Jour 8 : Vendredi 15 mai 2020
Vous assistez à votre réunion hebdomadaire portant sur l’examen des chiffres du Programme national de surveillance des maladies entériques (PNSME) pour la semaine précédente (du 3 au 9 mai, semaine 2020-19 du PNSME).
Le tableau 2 ci-dessous présente le nombre de cas confirmés d’infection à Salmonella Newport du PNSME. Le nombre d’infections à Salmonella Newport est considérablement supérieur aux prévisions à l’échelle nationale (14 cas signalés, 5 cas prévus), ainsi qu’à l’échelle provinciale, en Colombie-Britannique (5 cas signalés, 1 cas prévu), en Alberta (3 cas signalés, 1 cas prévu) et en Ontario (4 cas signalés, 1 cas prévu). Les chiffres sont conformes aux prévisions dans les autres provinces et territoires.

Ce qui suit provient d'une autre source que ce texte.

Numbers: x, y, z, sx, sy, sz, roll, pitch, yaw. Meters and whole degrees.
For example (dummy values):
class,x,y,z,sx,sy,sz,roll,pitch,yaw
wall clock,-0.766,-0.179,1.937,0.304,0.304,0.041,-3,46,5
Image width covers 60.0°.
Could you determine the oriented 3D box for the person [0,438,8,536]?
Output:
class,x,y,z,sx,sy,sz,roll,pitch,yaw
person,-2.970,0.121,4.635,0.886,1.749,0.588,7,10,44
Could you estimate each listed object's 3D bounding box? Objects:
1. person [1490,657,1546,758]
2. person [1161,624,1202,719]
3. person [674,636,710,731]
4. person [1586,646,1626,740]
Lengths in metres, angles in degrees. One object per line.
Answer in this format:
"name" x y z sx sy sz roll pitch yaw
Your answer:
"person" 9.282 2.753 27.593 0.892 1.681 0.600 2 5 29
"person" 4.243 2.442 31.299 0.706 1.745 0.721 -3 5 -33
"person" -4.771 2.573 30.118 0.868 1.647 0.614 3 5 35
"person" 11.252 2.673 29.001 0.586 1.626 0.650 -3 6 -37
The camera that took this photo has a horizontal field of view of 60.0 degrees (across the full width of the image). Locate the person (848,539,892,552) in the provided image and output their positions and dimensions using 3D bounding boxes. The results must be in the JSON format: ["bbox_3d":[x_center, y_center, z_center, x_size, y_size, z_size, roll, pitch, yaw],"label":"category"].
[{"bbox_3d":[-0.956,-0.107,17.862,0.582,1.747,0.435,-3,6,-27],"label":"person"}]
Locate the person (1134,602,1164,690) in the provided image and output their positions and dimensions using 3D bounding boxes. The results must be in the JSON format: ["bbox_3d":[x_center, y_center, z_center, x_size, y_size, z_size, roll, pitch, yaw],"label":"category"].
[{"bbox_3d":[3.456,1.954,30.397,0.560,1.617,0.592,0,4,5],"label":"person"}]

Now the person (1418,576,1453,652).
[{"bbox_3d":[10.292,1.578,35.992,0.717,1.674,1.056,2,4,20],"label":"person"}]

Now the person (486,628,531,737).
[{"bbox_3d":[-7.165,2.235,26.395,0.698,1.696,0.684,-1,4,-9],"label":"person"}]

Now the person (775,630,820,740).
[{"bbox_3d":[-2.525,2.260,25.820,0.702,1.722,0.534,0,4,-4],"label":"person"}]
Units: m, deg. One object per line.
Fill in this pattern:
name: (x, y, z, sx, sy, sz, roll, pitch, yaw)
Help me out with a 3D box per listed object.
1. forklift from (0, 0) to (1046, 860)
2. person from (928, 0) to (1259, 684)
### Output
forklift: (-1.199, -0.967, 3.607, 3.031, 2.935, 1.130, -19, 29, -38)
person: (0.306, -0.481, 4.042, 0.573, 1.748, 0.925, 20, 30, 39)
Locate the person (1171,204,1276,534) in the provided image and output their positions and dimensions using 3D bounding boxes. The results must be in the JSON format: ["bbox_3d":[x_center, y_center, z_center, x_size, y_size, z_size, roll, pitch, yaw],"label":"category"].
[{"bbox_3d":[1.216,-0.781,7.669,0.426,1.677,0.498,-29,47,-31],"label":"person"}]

Tableau 2 : Nombre de cas confirmés d’infection à Salmonella Newport au PNSME, par province, semaine 2020‑19* (du 3 au 9 mai 2020)
Province ou territoire |
Signalés |
Prévus |
Nombre de cas sensiblement supérieur aux prévisions? |
À l’échelle nationale |
14 |
5 |
Oui |
Colombie-Britannique |
5 |
1 |
Oui |
Alberta |
3 |
1 |
Oui |
Saskatchewan |
0 |
0 |
Non |
Manitoba |
0 |
1 |
Non |
Ontario |
4 |
1 |
Oui |
Québec |
1 |
0 |
Non |
Nouveau-Brunswick |
0 |
0 |
Non |
Nouvelle-Écosse |
1 |
0 |
Non |
Terre-Neuve-et-Labrador |
0 |
0 |
Non |
Île-du-Prince-Édouard |
0 |
1 |
Non |
Yukon |
0 |
0 |
Non |
Territoires du Nord‑Ouest |
0 |
0 |
Non |
Nunavut |
0 |
0 |
Non |
Remarque : Les nombres de cas signalés et prévus dans le tableau ci-dessus sont fictifs et ont été établis uniquement pour les besoins de la présente étude de cas. Ils ne représentent pas des nombres réels de cas à l’échelle nationale ou provinciale et aucune interprétation ni conclusion ne peut en être inférée. Ces données ne doivent pas être publiées ni distribuées hors du contexte pédagogique de cette étude de cas.
Question 1-2 : De quels renseignements additionnels pourriez-vous avoir besoin afin d’évaluer si une éclosion est en train de se produire dans plusieurs provinces ou territoires? Comment obtiendrez-vous ces renseignements?
Le séquençage du génome entier est la méthode actuelle « de référence » pour comparer les profils génétiques de la plupart des agents pathogènes bactériens d’origine alimentaire au Canada, y compris l’agent pathogène Salmonella. Avant le passage au SGE en 2017, l’électrophorèse en champ pulsé (ECP) et la lysotypie étaient utilisées pour déterminer les correspondances entre les isolats de Salmonella.
Question 1-3 : Quels sont les avantages de l’utilisation du SGE pour détecter les éclosions par rapport aux méthodes de laboratoire antérieures de sous-typage?